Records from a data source
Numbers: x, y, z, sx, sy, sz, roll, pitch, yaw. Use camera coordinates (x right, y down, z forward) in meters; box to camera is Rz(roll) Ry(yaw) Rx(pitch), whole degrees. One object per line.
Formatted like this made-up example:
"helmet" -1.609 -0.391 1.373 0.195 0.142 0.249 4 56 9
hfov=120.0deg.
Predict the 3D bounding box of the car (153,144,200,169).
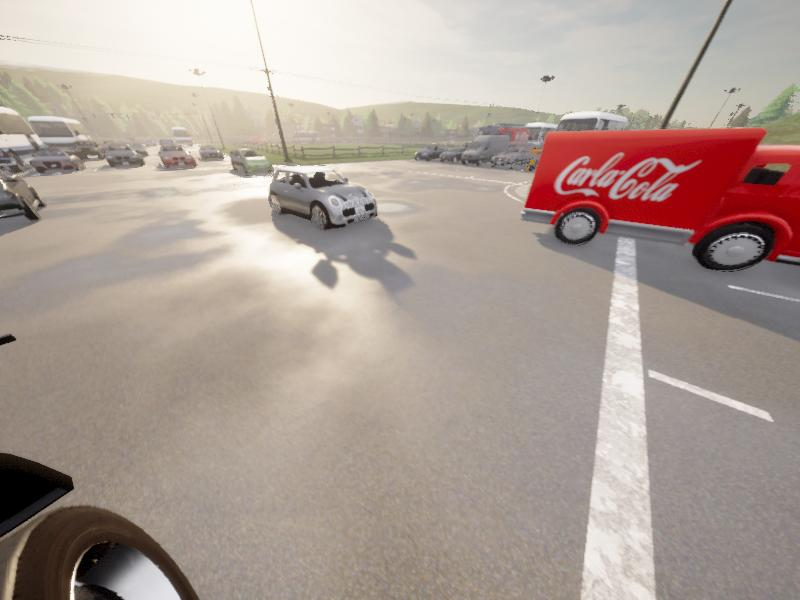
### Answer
"car" -20.039 -12.905 20.672 2.242 1.667 4.611 -27 43 -33

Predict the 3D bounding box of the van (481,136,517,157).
"van" 15.462 -23.958 36.103 5.915 2.561 1.988 -25 43 -32

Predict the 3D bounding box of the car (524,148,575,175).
"car" 12.469 -11.634 19.289 3.988 1.617 1.851 -26 43 -32

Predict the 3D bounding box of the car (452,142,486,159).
"car" 9.591 -20.875 32.209 4.605 1.855 1.932 -26 43 -32

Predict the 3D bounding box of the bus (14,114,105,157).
"bus" -46.182 -22.692 32.079 3.944 4.253 10.273 -25 43 -32

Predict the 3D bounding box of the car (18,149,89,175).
"car" -25.816 -10.499 17.432 1.994 1.385 4.181 -27 43 -33

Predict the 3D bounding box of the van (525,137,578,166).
"van" 17.124 -16.823 26.034 6.366 2.431 2.351 -26 43 -32

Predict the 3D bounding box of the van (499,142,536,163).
"van" 14.187 -17.864 27.870 4.442 1.987 1.775 -26 43 -32

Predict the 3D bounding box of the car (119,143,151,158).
"car" -35.025 -19.928 30.682 2.163 1.488 4.792 -25 42 -32

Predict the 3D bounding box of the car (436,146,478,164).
"car" 6.604 -16.661 26.494 4.892 1.490 1.837 -26 43 -32

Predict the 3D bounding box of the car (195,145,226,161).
"car" -22.318 -17.316 27.201 1.994 1.385 4.181 -26 43 -32

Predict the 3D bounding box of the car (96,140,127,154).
"car" -45.877 -24.463 36.864 2.242 1.667 4.611 -25 42 -32

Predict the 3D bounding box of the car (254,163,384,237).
"car" -2.638 -3.490 7.603 3.806 1.475 1.970 25 42 30

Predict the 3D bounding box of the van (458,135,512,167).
"van" 8.887 -15.553 24.029 5.915 2.561 1.988 -25 43 -32

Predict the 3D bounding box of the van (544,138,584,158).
"van" 25.143 -23.290 35.359 6.366 2.431 2.351 -26 43 -32

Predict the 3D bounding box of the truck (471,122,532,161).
"truck" 13.511 -20.921 30.623 8.468 3.827 2.891 -26 43 -32

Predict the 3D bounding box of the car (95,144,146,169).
"car" -25.094 -13.162 20.978 2.242 1.667 4.611 -27 43 -33

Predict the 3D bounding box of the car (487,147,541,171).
"car" 10.839 -13.484 21.897 5.027 1.651 2.152 -26 43 -32

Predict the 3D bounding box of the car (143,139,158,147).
"car" -63.934 -40.263 59.241 2.033 1.649 4.856 -25 42 -32

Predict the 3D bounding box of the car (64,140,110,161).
"car" -34.864 -16.824 25.901 1.905 1.878 3.866 -25 42 -32

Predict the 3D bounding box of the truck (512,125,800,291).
"truck" 6.108 -2.606 5.584 5.204 2.467 2.627 22 41 28

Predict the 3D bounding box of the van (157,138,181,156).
"van" -34.416 -22.866 34.442 1.775 1.987 4.442 -25 42 -32

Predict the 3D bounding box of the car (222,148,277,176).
"car" -11.614 -10.731 17.790 4.514 1.525 2.007 30 44 35

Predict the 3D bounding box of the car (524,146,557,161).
"car" 19.144 -20.012 31.467 4.674 1.442 1.812 -26 43 -32

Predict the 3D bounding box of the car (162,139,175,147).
"car" -60.872 -41.255 60.734 1.801 1.575 5.366 -25 42 -32

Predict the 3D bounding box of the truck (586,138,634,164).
"truck" 25.609 -18.281 28.178 5.204 2.467 2.627 -26 43 -32

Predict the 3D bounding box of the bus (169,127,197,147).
"bus" -59.376 -44.569 63.154 3.944 4.253 10.273 -25 42 -32

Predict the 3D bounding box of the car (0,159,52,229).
"car" -13.140 -3.375 7.252 3.705 1.549 1.789 27 43 33

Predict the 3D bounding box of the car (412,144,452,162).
"car" 3.921 -18.075 28.327 4.611 1.667 2.242 -26 43 -32

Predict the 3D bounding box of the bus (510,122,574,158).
"bus" 22.527 -25.317 36.631 10.273 4.253 3.944 -26 43 -32

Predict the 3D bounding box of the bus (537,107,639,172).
"bus" 18.326 -15.423 22.461 10.273 4.253 3.944 -26 43 -32

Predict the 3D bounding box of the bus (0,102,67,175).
"bus" -31.388 -12.388 17.550 3.944 4.253 10.273 -26 43 -32
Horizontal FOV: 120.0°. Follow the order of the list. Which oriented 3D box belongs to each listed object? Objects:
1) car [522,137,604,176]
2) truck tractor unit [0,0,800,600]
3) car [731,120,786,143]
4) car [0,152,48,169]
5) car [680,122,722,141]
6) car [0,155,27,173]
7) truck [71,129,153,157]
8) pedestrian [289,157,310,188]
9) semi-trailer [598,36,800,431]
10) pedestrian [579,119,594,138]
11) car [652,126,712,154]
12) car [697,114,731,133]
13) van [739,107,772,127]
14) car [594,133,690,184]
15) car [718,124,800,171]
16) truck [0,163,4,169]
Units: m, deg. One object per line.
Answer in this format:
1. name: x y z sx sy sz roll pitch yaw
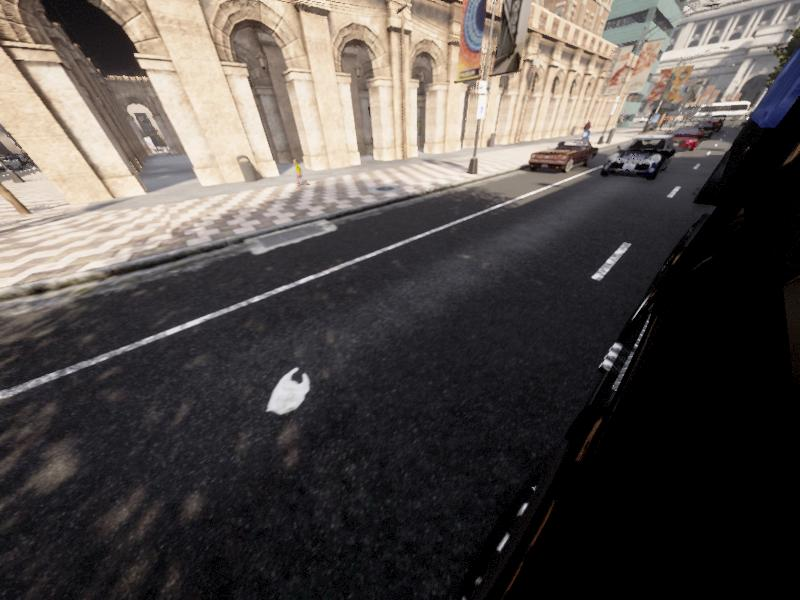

To do: Since the copy must contain no pictures, return only the text of the records, exactly as it stands.

Output below:
Numbers: x, y, z, sx, sy, sz, roll, pitch, yaw. Use camera coordinates (x right, y down, z forward) in meters; box to camera is Rz(roll) Ry(yaw) Rx(pitch), whole degrees. One object per line.
Formatted like this made-up example:
"helmet" -1.609 -0.391 1.373 0.195 0.142 0.249 4 56 9
hfov=120.0deg.
Predict the 3D bounding box of the car (153,144,200,169).
### Answer
"car" -20.039 -12.905 20.672 2.242 1.667 4.611 -27 43 -33

Predict the 3D bounding box of the van (481,136,517,157).
"van" 15.462 -23.958 36.103 5.915 2.561 1.988 -25 43 -32

Predict the 3D bounding box of the car (524,148,575,175).
"car" 12.469 -11.634 19.289 3.988 1.617 1.851 -26 43 -32

Predict the 3D bounding box of the car (452,142,486,159).
"car" 9.591 -20.875 32.209 4.605 1.855 1.932 -26 43 -32

Predict the 3D bounding box of the bus (14,114,105,157).
"bus" -46.182 -22.692 32.079 3.944 4.253 10.273 -25 43 -32

Predict the 3D bounding box of the car (18,149,89,175).
"car" -25.816 -10.499 17.432 1.994 1.385 4.181 -27 43 -33

Predict the 3D bounding box of the van (525,137,578,166).
"van" 17.124 -16.823 26.034 6.366 2.431 2.351 -26 43 -32

Predict the 3D bounding box of the van (499,142,536,163).
"van" 14.187 -17.864 27.870 4.442 1.987 1.775 -26 43 -32

Predict the 3D bounding box of the car (119,143,151,158).
"car" -35.025 -19.928 30.682 2.163 1.488 4.792 -25 42 -32

Predict the 3D bounding box of the car (436,146,478,164).
"car" 6.604 -16.661 26.494 4.892 1.490 1.837 -26 43 -32

Predict the 3D bounding box of the car (195,145,226,161).
"car" -22.318 -17.316 27.201 1.994 1.385 4.181 -26 43 -32

Predict the 3D bounding box of the car (96,140,127,154).
"car" -45.877 -24.463 36.864 2.242 1.667 4.611 -25 42 -32

Predict the 3D bounding box of the car (254,163,384,237).
"car" -2.638 -3.490 7.603 3.806 1.475 1.970 25 42 30

Predict the 3D bounding box of the van (458,135,512,167).
"van" 8.887 -15.553 24.029 5.915 2.561 1.988 -25 43 -32

Predict the 3D bounding box of the van (544,138,584,158).
"van" 25.143 -23.290 35.359 6.366 2.431 2.351 -26 43 -32

Predict the 3D bounding box of the truck (471,122,532,161).
"truck" 13.511 -20.921 30.623 8.468 3.827 2.891 -26 43 -32

Predict the 3D bounding box of the car (95,144,146,169).
"car" -25.094 -13.162 20.978 2.242 1.667 4.611 -27 43 -33

Predict the 3D bounding box of the car (487,147,541,171).
"car" 10.839 -13.484 21.897 5.027 1.651 2.152 -26 43 -32

Predict the 3D bounding box of the car (143,139,158,147).
"car" -63.934 -40.263 59.241 2.033 1.649 4.856 -25 42 -32

Predict the 3D bounding box of the car (64,140,110,161).
"car" -34.864 -16.824 25.901 1.905 1.878 3.866 -25 42 -32

Predict the 3D bounding box of the truck (512,125,800,291).
"truck" 6.108 -2.606 5.584 5.204 2.467 2.627 22 41 28

Predict the 3D bounding box of the van (157,138,181,156).
"van" -34.416 -22.866 34.442 1.775 1.987 4.442 -25 42 -32

Predict the 3D bounding box of the car (222,148,277,176).
"car" -11.614 -10.731 17.790 4.514 1.525 2.007 30 44 35

Predict the 3D bounding box of the car (524,146,557,161).
"car" 19.144 -20.012 31.467 4.674 1.442 1.812 -26 43 -32

Predict the 3D bounding box of the car (162,139,175,147).
"car" -60.872 -41.255 60.734 1.801 1.575 5.366 -25 42 -32

Predict the 3D bounding box of the truck (586,138,634,164).
"truck" 25.609 -18.281 28.178 5.204 2.467 2.627 -26 43 -32

Predict the 3D bounding box of the bus (169,127,197,147).
"bus" -59.376 -44.569 63.154 3.944 4.253 10.273 -25 42 -32

Predict the 3D bounding box of the car (0,159,52,229).
"car" -13.140 -3.375 7.252 3.705 1.549 1.789 27 43 33

Predict the 3D bounding box of the car (412,144,452,162).
"car" 3.921 -18.075 28.327 4.611 1.667 2.242 -26 43 -32

Predict the 3D bounding box of the bus (510,122,574,158).
"bus" 22.527 -25.317 36.631 10.273 4.253 3.944 -26 43 -32

Predict the 3D bounding box of the bus (537,107,639,172).
"bus" 18.326 -15.423 22.461 10.273 4.253 3.944 -26 43 -32

Predict the 3D bounding box of the bus (0,102,67,175).
"bus" -31.388 -12.388 17.550 3.944 4.253 10.273 -26 43 -32
Horizontal FOV: 120.0°. Follow the order of the list. Which oriented 3D box belongs to each listed object? Objects:
1) car [522,137,604,176]
2) truck tractor unit [0,0,800,600]
3) car [731,120,786,143]
4) car [0,152,48,169]
5) car [680,122,722,141]
6) car [0,155,27,173]
7) truck [71,129,153,157]
8) pedestrian [289,157,310,188]
9) semi-trailer [598,36,800,431]
10) pedestrian [579,119,594,138]
11) car [652,126,712,154]
12) car [697,114,731,133]
13) van [739,107,772,127]
14) car [594,133,690,184]
15) car [718,124,800,171]
16) truck [0,163,4,169]
Units: m, deg. One object per line.
Answer in this format:
1. name: x y z sx sy sz roll pitch yaw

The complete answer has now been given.